Resizing can distort the aspect ratio

Here we note that we have distorted the aspect ratio of the original peppers.png image. In some applications this may not matter and in others it might matter a great deal. In general, depending on the application, you may want to consider a combination of resizing and cropping.

3.5 Combining Cropping and Resizing

Your turn:

Combine cropping and resizing to yield a $256\times256$ pixel grayscale peppers image that you think retains the majority of the original "intent" of the image. Note--there is no "right" answer here...

Your turn:

How would you reconfigure the cameraman image to be the $384\times512\times3$ size of peppers? Would you find this an easier conversion to make or a more difficult one? Note--there is no "right" answer here either...

Section 4: Filtering Images

We will find that a key element of convolutional neural networks (CNNs) is a convolutional layer. It is thus critical that we understand the basics of image convolution and how to interpret those results.

Convolution is the means to filter an image in the spatial domain. This requires the definition of a filter kernel. The filter kernel is a 2D or 3D array of filter coefficients, generally much smaller in spatial extent than the image.

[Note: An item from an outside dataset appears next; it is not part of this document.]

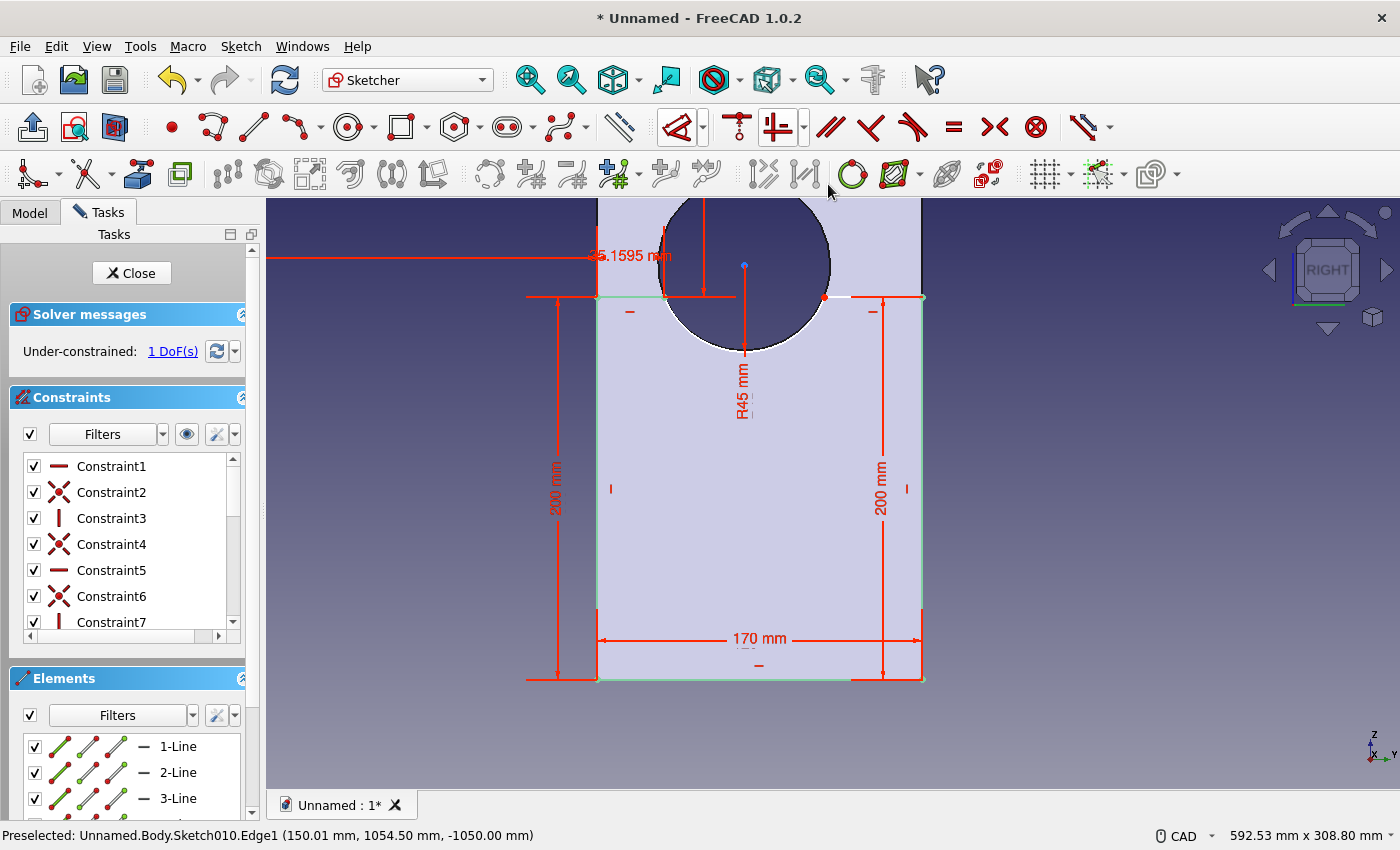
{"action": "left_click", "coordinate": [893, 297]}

4.1 Low Pass (Smoothing) Filters

Many commonly used image filters are defined in scipy.ndimage. Here, we explore how to explicity define a filter kernel and convolve that kernel with an image. This will prepare us better to interpret the convolutional layers in CNNs. We will use the ndimage.filters.convolve function here.

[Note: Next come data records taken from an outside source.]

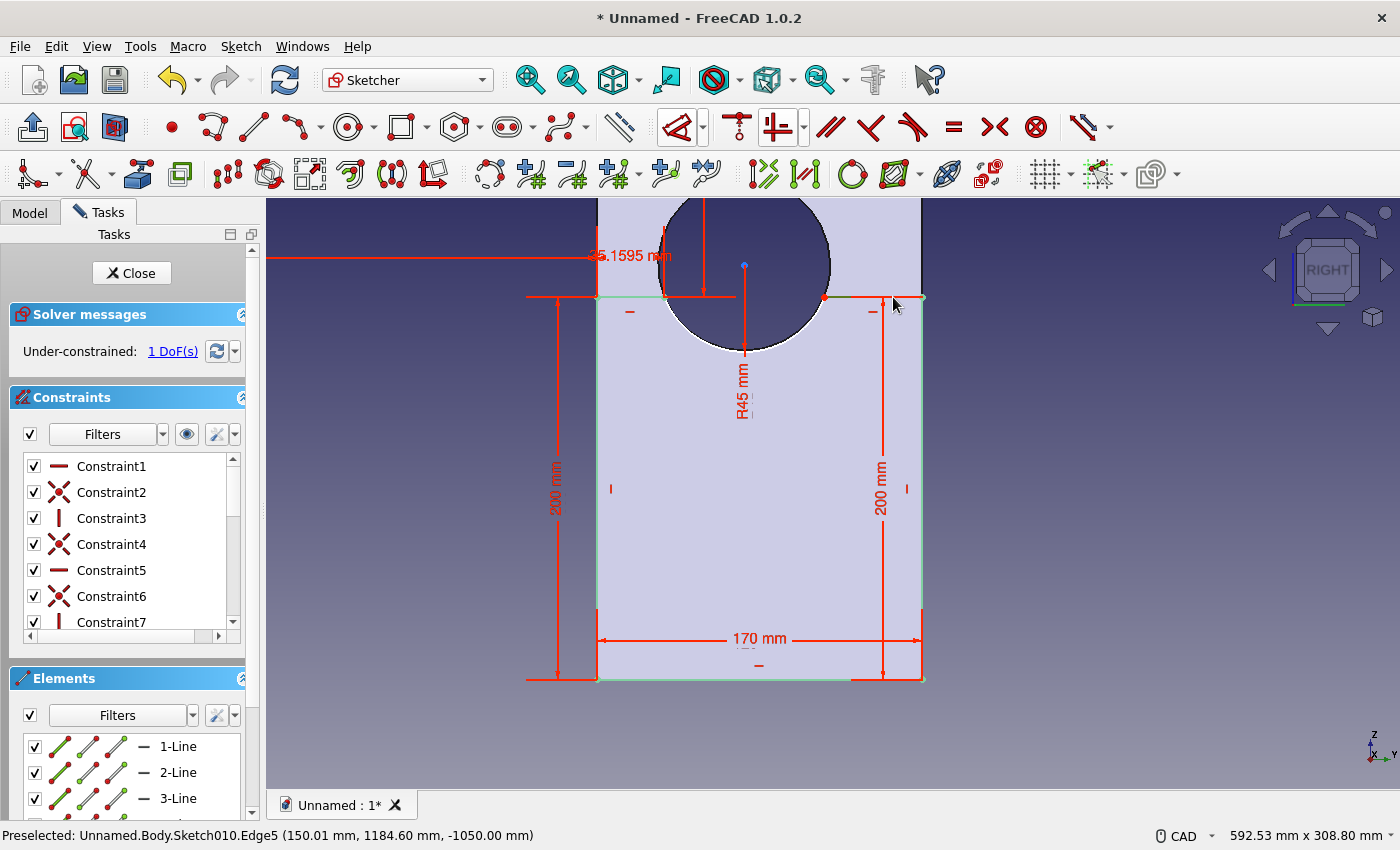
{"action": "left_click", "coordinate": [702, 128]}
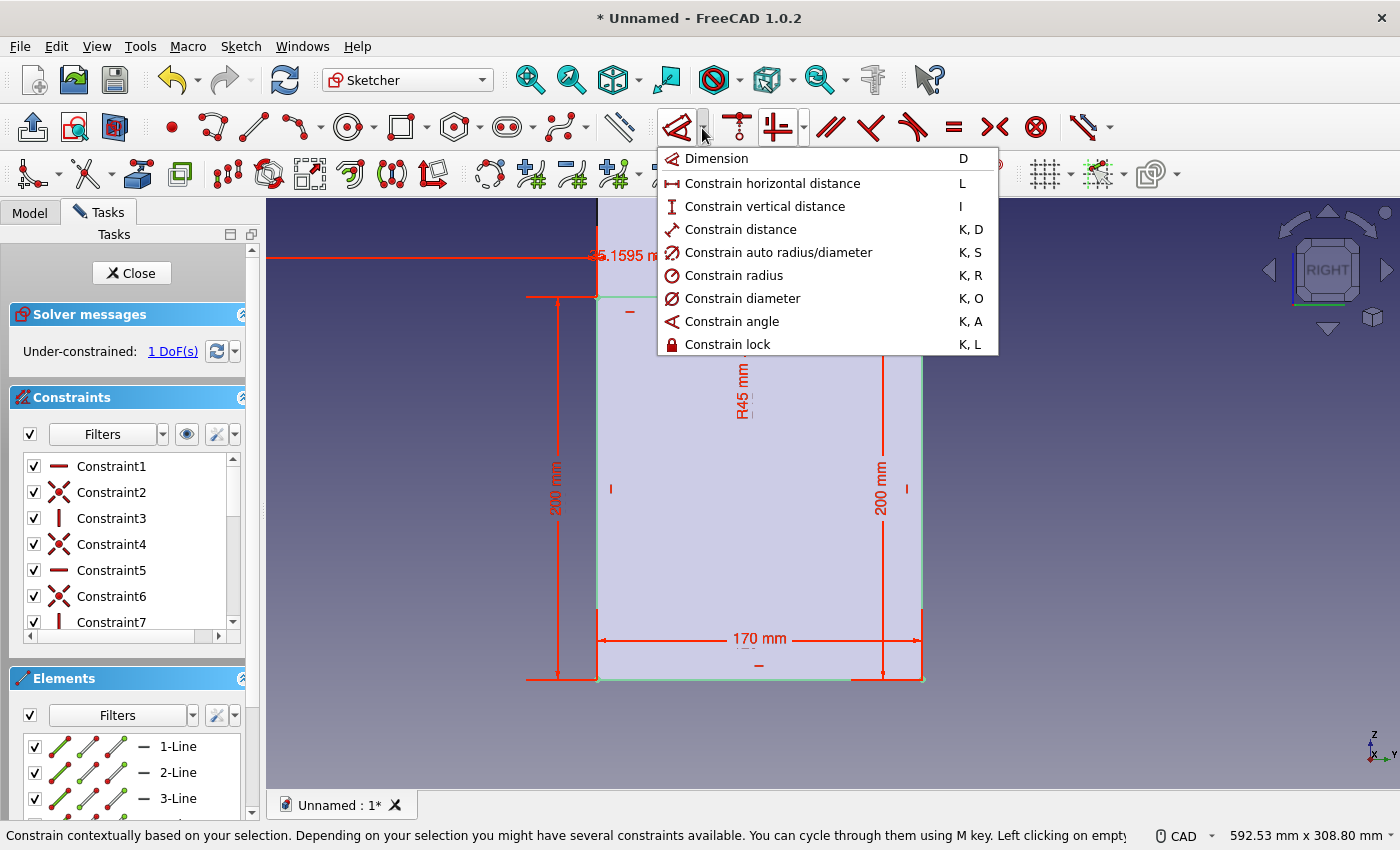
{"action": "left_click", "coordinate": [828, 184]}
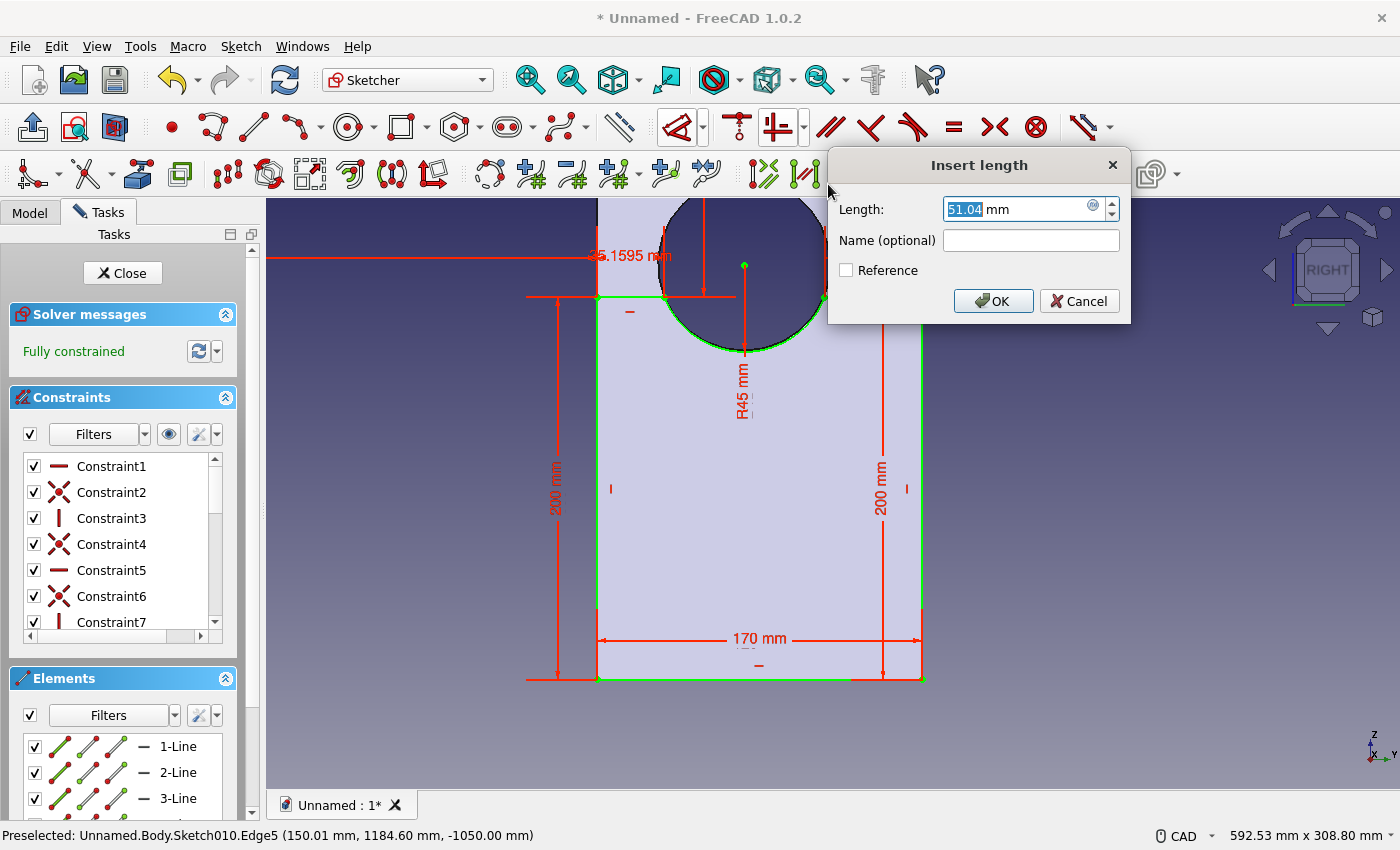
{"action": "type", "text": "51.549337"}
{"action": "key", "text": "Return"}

4.1.1 Define the filter kernels

We define two filters h1 and h2. These are very simple lowpass (smoothing) filters where all the coefficients are equal in value and are normalized such that their sum is 1. It is generally common practice to use odd-sized filters. This is because there is an ambiguity in determining the "center" of an even-sized filter.

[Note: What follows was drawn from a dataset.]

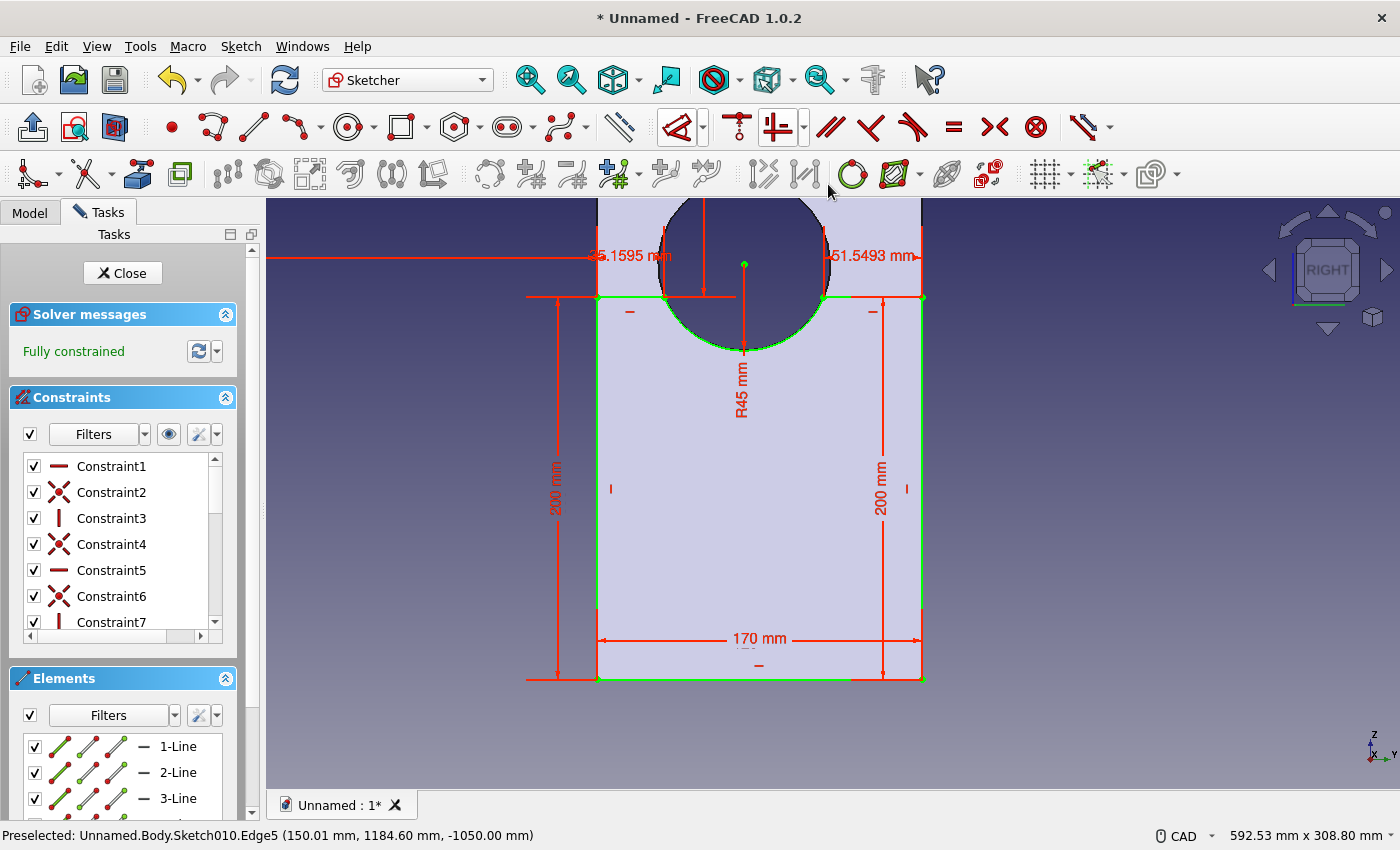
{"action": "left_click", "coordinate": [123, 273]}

4.1.2 Convolving the filter kernels with an image

We compute the filtered output by convolving the image I_camera with each of the filter kernels using ndimage.filters.convolve. We then visualize the filtered images. We cast the image I_camera as a float to avoid integer arithmetic in the convolution operations.

Your turn:

What effect has each of the filters h1 and h2 had on the image?

Both filters have blurred the image, with h2 having a more pronounced effect (larger blurring) than h1.

4.2 High Pass (Edge Enhancing) Filters

4.2.1 Define the filter kernels

We define two filters h3 and h4. These are very simple highpass (edge enhancing) filters called the Sobel filters.

4.2.2 Convolving the filter kernels with an image

We compute the filtered output by convolving the image I_camera with each of the filter kernels. We again cast the image I_camera as a float to avoid integer arithmetic in the convolution operations.

A note on filtered images that have negative values

It is common that filtered images may end up with intensity values outside of the original range. In this case, the image I_camera was in the range $[0,255]$. If we look at the range of the filtered images, we find that the filtered images now span a much larger range:

The Sobel filters are designed to approximate the first derivative of the image. As such, we might expect that the derivative (think slope) will potentially be positive or negative and could span a different absolute range than the original $[0,255]$. We can get a better sense of the edge enhancement capabilities of h3 and h4 if we look only at the positive values. Looking only at the positive values rather than the absolute value will be more consistent with the activation function we will use in convolutional neural networks. We first clip all negative values in the images to zero and then visualize the filtered output.

When we focus only on the positive values of the filtered output, we see that the majority of the filtered image is now close to a value of 0 (i.e., black), and it is only at the edges of the image objects that we see a response (i.e., lighter values). We see that h3 has enhanced edges oriented in a horizontal direction and h4 has enhanced edges oriented in a vertical direction.